Wherever the string "degrees" shows up in the records below, return that line.

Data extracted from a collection
⟨

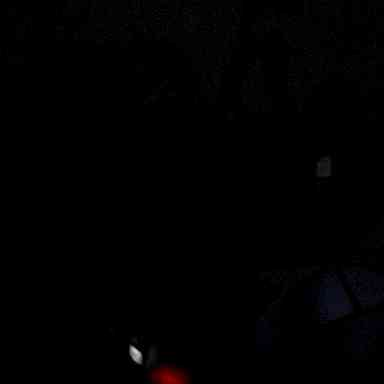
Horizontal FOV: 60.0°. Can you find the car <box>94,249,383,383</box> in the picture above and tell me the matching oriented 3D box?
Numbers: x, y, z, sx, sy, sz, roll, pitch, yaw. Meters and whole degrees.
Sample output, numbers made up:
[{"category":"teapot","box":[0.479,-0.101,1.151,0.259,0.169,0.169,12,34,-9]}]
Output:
[{"category":"car","box":[1.520,1.544,4.523,5.357,1.411,2.033,0,0,-35]}]
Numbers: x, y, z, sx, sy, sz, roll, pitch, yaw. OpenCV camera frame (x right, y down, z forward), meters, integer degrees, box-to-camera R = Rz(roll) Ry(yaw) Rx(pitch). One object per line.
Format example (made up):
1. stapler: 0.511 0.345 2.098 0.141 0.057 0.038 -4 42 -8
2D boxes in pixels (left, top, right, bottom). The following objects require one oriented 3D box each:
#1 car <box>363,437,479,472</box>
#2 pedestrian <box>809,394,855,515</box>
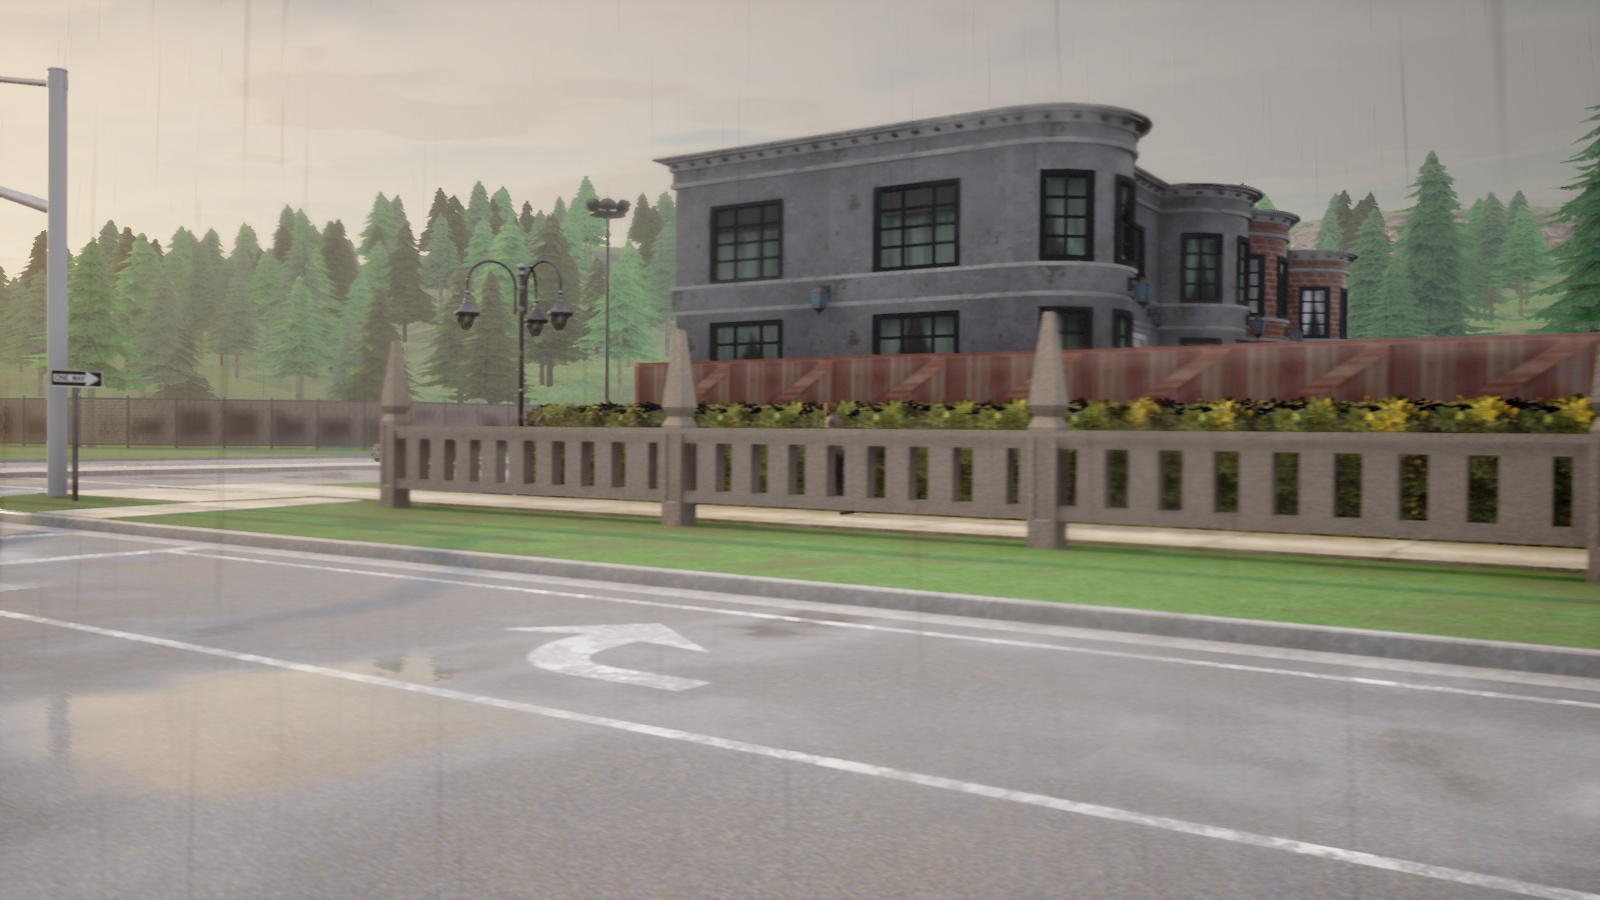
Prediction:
1. car: -16.351 0.163 54.421 1.812 1.442 4.674 0 1 34
2. pedestrian: 0.494 0.070 19.447 0.634 1.846 0.331 0 1 37
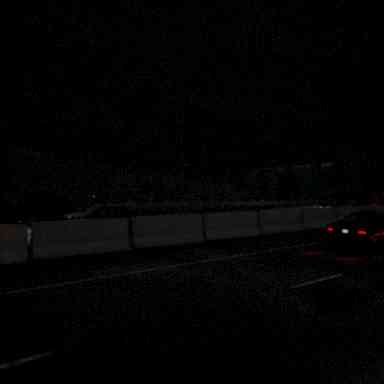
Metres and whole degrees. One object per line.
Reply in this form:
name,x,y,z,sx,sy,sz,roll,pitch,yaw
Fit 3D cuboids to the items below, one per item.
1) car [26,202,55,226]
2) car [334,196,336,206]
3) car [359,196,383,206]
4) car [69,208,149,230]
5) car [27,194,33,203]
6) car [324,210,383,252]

⟩

▸ **EXERCISE OUTPUT**:
Numbers: x, y, z, sx, sy, sz, roll, pitch, yaw. Meters and whole degrees.
Numbers: x, y, z, sx, sy, sz, roll, pitch, yaw. OpenCV camera frame (x right, y down, z forward), meters, integer degrees, box-to-camera R = Rz(roll) Ry(yaw) Rx(pitch). One object per line.
Metres and whole degrees. One object per line.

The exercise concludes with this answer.